A fascinating footprint. Thanks Tony
In reply to Jenny Mackness

Re: Drawing and using footprints

by Jaap Bosman -
In reply to Jaap Bosman

Re: Drawing and using footprints

by Jenny Mackness -

Hi Jaap - I was not able to open your link and surprisingly, for some reason I can't understand, when I go to your blog, I can't see your footprint - BUT - I do subscribe to your blog through feedly and (even more surprisingly) I can see your footprint and post in my feedly list. Strange!

So hope it's OK with you if I copy your post here - so that people can easily see it.

Jaap's footprint POTCert

My footprint of Potcert

  • Risk. No risk.
  • Liminal space. For me lots of space to grow and try out. This certificate would be nice, but its not disaster when I fail. Knowing that means freedom and lots of space.
  • Unpredictable outcomes. Some unpredictable  outcomes.
  • Ambiguity. I could bend items in the course into lessons that fit me.
  • Disruption. the course and messages from Lisa and participants are disrupting. They want me to give attention.
  • Self-correction. Learner and teacher look at my assignments and comment, no correction as such.
  • Multipath.
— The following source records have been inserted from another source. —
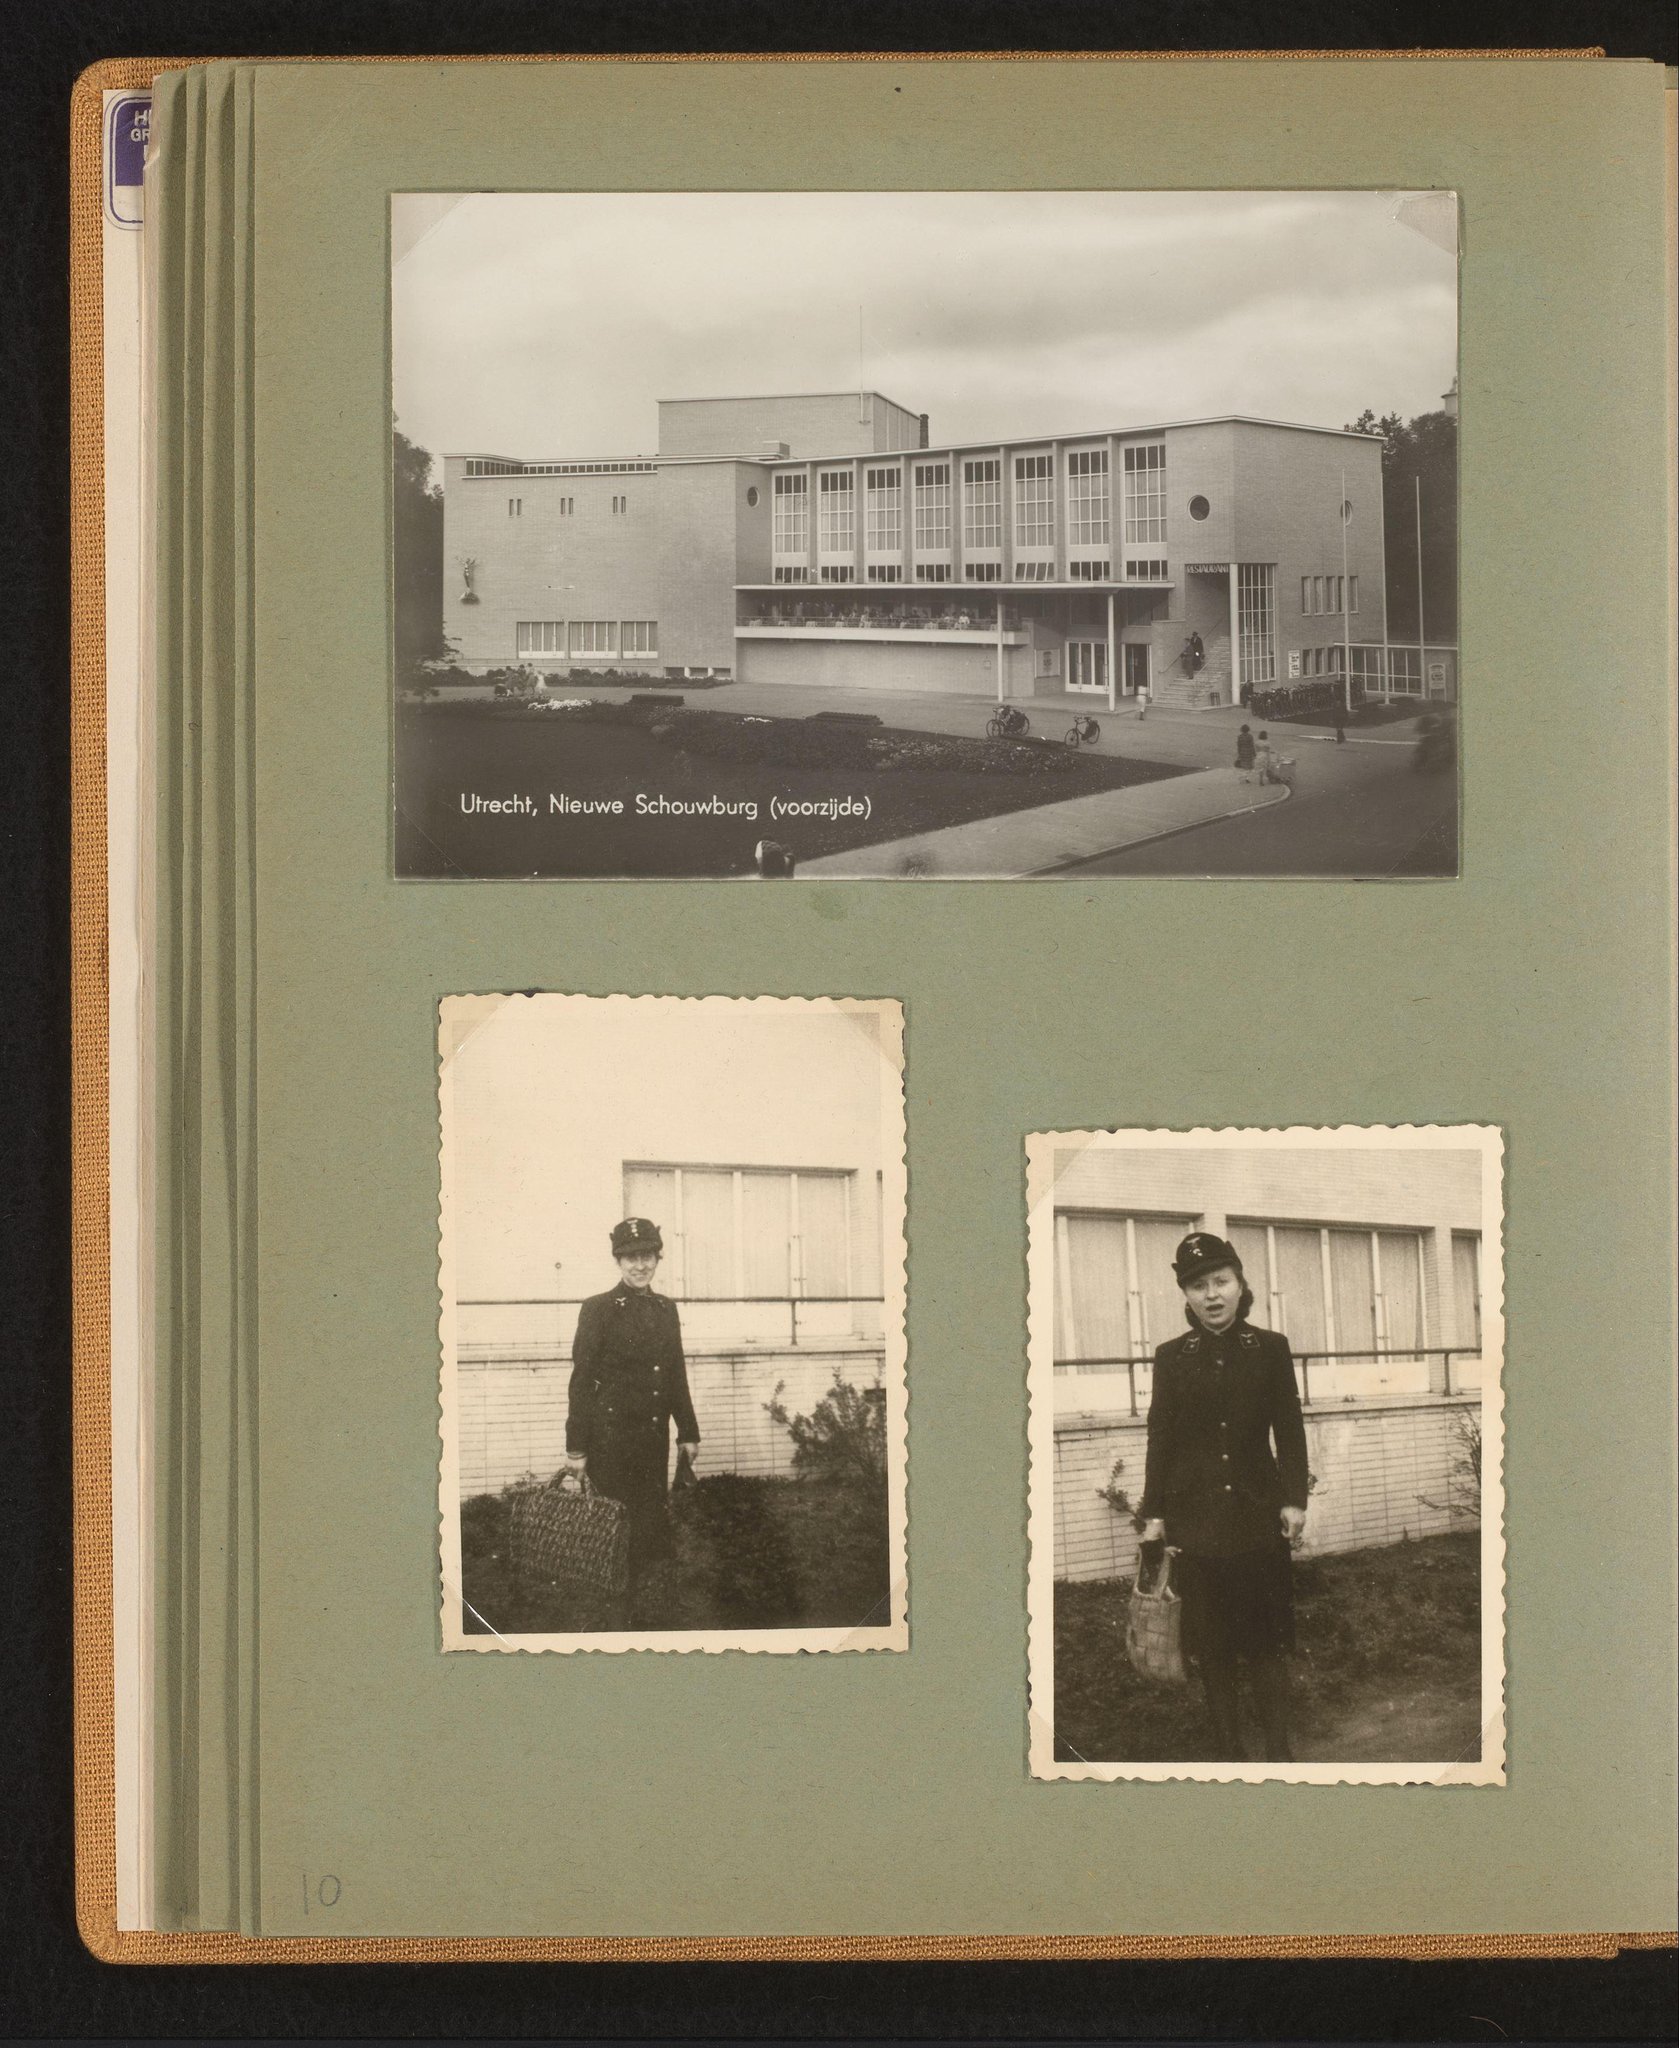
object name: photograph
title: Käte en Hedwig in uniform
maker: Anonymous
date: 1904-1944
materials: cardboard, photographic support
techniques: gelatin silver print
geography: utrecht
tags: railway-traffic, utrecht
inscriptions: inscription: ‘Käte Wohlfarth in April 1944 (Utrecht)’
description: Albumblad met een prentbriefkaart en twee foto's. Prentbriefkaart van de Nieuwe Schouwburg in Utrecht, het onderkomen tijdens de bezetting voor de Deutsche Reichsbahn. Twee foto's van twee vrouwen in uniform. Foto links is Käte Hohlfarth, rechts is Hedwig Schübert, samensteller van het album. Beide foto's te Utrecht in april 1944. Onderdeel van het fotoalbum Deutsche Reichsbahn, 1943-1944.
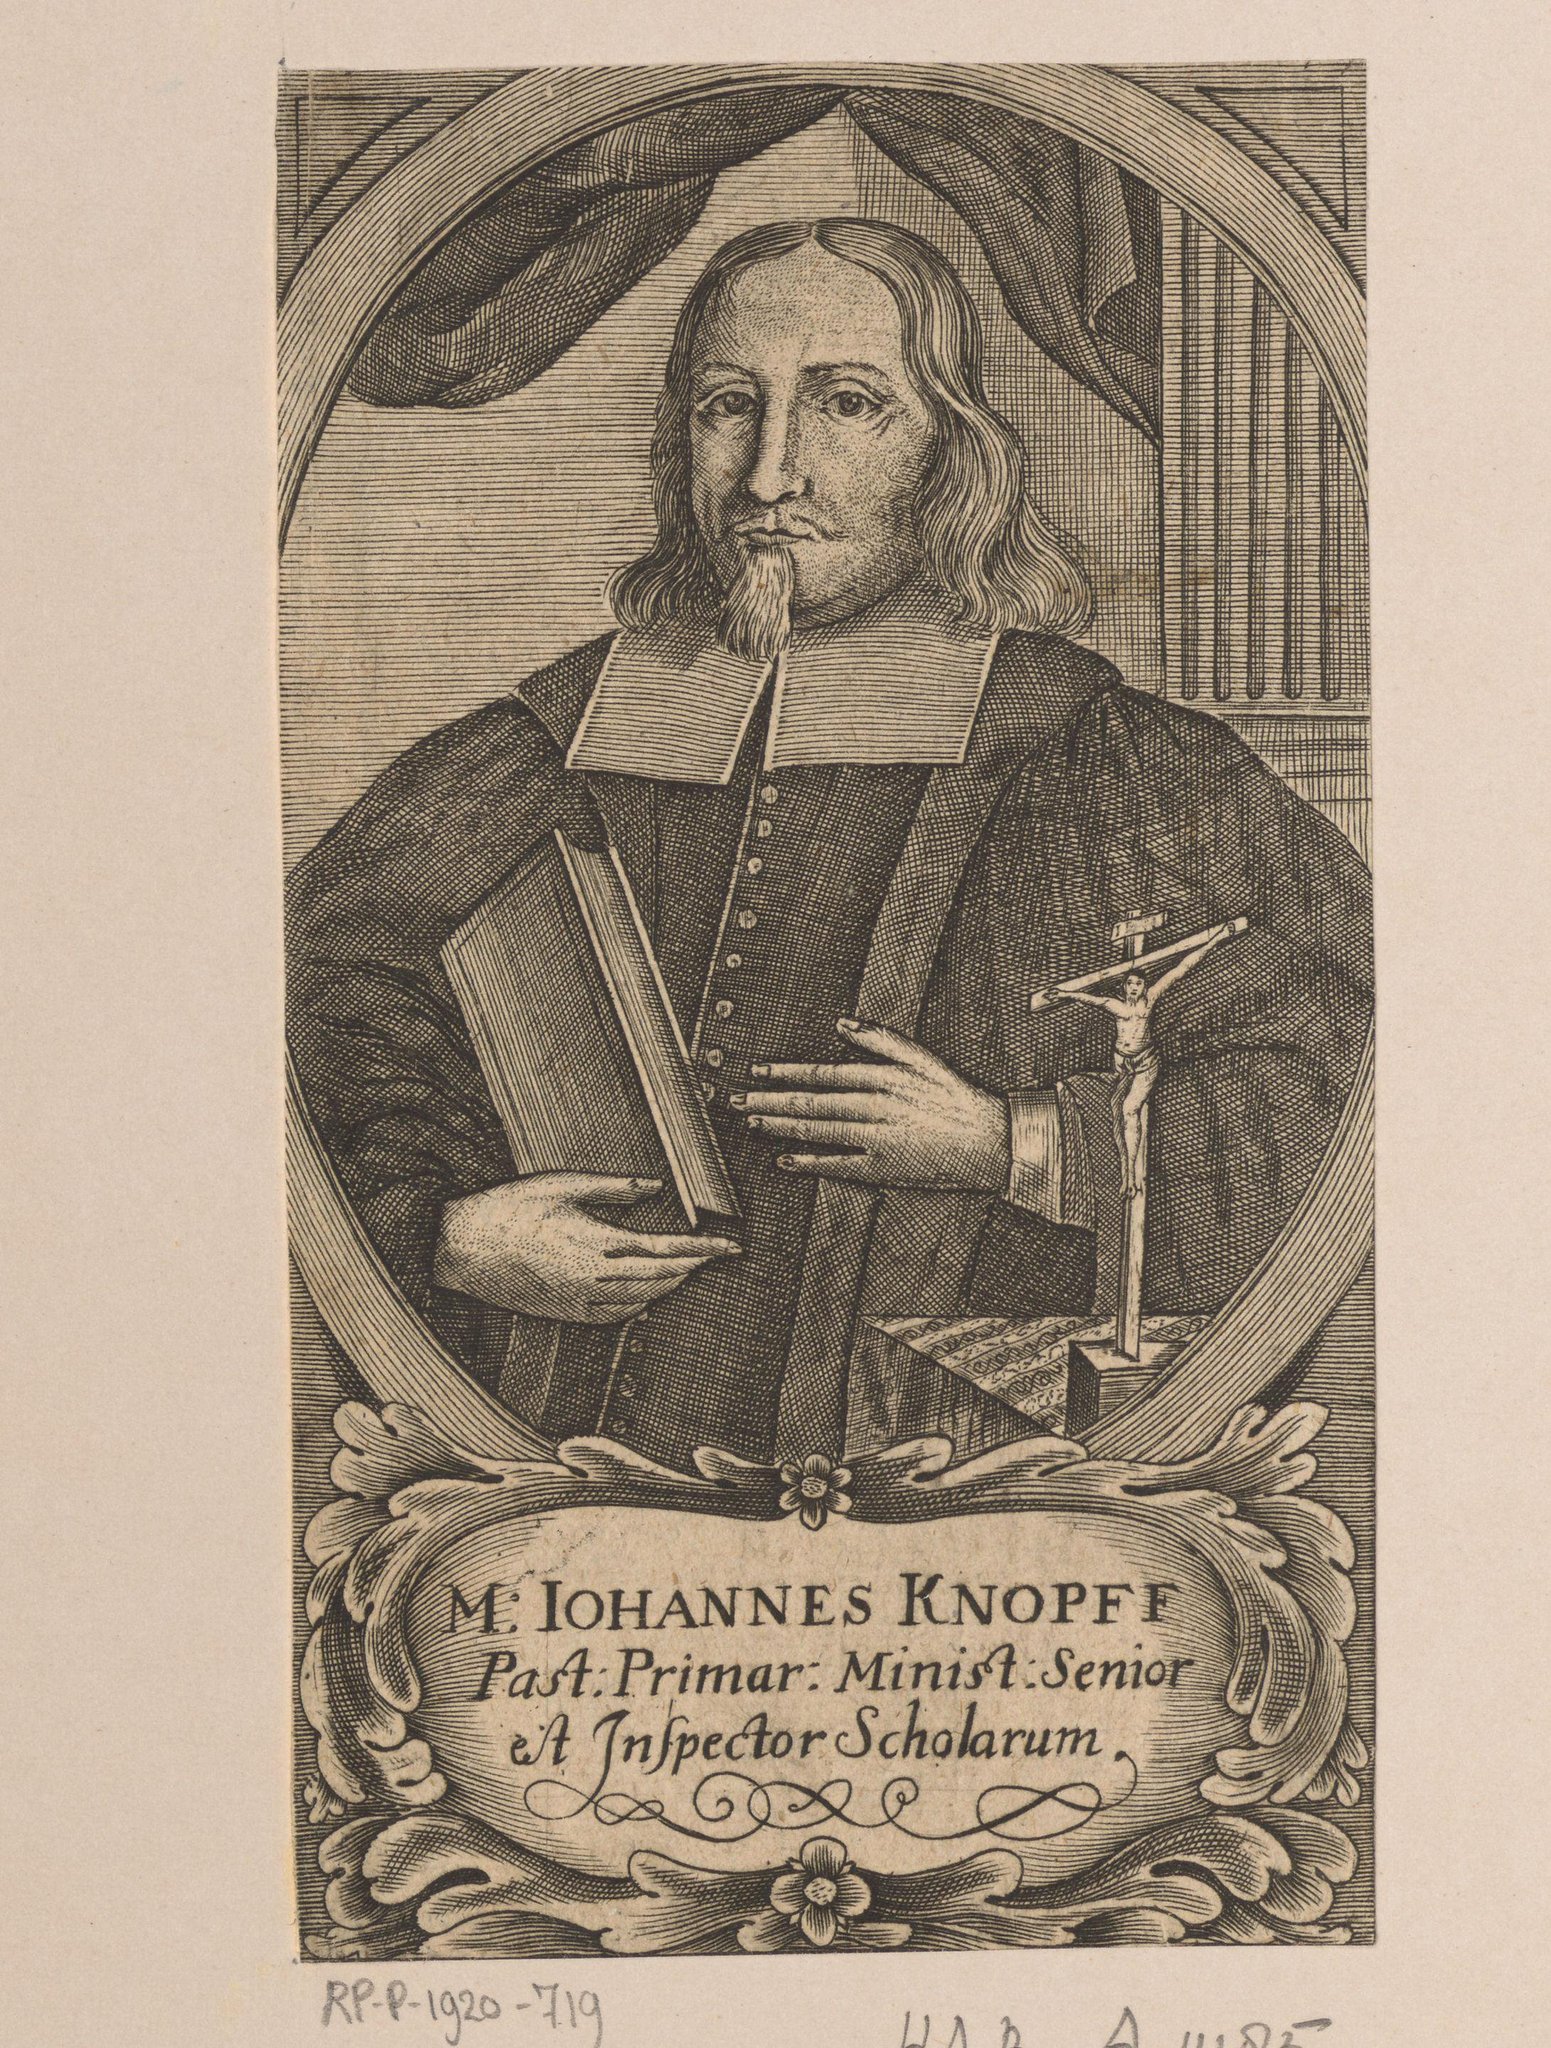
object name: print
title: Portret van Johan Knopff
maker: Anonymous
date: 1600-1666
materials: paper
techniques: engraving
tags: historical persons, book, cross with symbol of christ on it, e.g. lamb
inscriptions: collector's mark: Lugt 2228

Participants do publish and ask questions and make me learn. I could choose where to go.
  • Diversity. multi path gives a lot of diversity, jumping from one question or assignement to another, but within the limits of the course.
  • Experimential: not only my answers and new solutions, but participants share theirs too. Course wants me to try new tools and new ways. I do use new tools.
  • Adaptive: freedom to adapt parts of course. (video viewing is not very open to adaption, one could view or view not. scanning a video is not easy)
  • Co-evolution: I feel the course will grow with me. The assignments  are open and one could do them in ones own level. Interactions, the comments on thew blogs are ways of interaction, and some assignments too.
  • Trust: OK. Feel some low trust because of the certification and the scoring that goes with certification. But Lisa is very supportive.
  • Theory of mind: I do meet new people from new cultures. and that sharpens my ToM.
  • Agency: I can make my personal chosen way through the course within the limits of the course.
  • Cross-modal. online course, FB, email, websites, video voicethread etc. rich on modes.
  • Open affordances: lots of open possibilities to learn. Course sets some limits
  • Self organization. must organize my part. course is structured and that makes lesser need for self-organization
  • Autonomy: almost as much as when i did a personal study, (no class, no school, no teacher no course), but it is a certifies course.
  • Negotiated outcomes: within the limits of the course outcomes some freedom of interpretation is possible.
  • Identity: course is part of personal learning network and adds personal growth.
  • Solitude: It is up to me to look for solitude. online courses give room for this factor. POTcert seems to like me to connect and be busy.
  • Encounters: doing POTcert made me meet some  people. No discussions as in #Change11 or other moocs.
  • Networks. I did not paricipate in hangouts and synchronous events. (Due to time zones)
  • Hybrid modes of expression: it is possible to choose from a wide range of modes.
  • In/formal Most writing and communications are more informal than formal . 
In reply to Jenny Mackness

Re: Drawing and using footprints

by Jenny Mackness -

And here is your footprint, Jaap, side-by-side with Lisa's i.e. her designer perspective and your participant perspective.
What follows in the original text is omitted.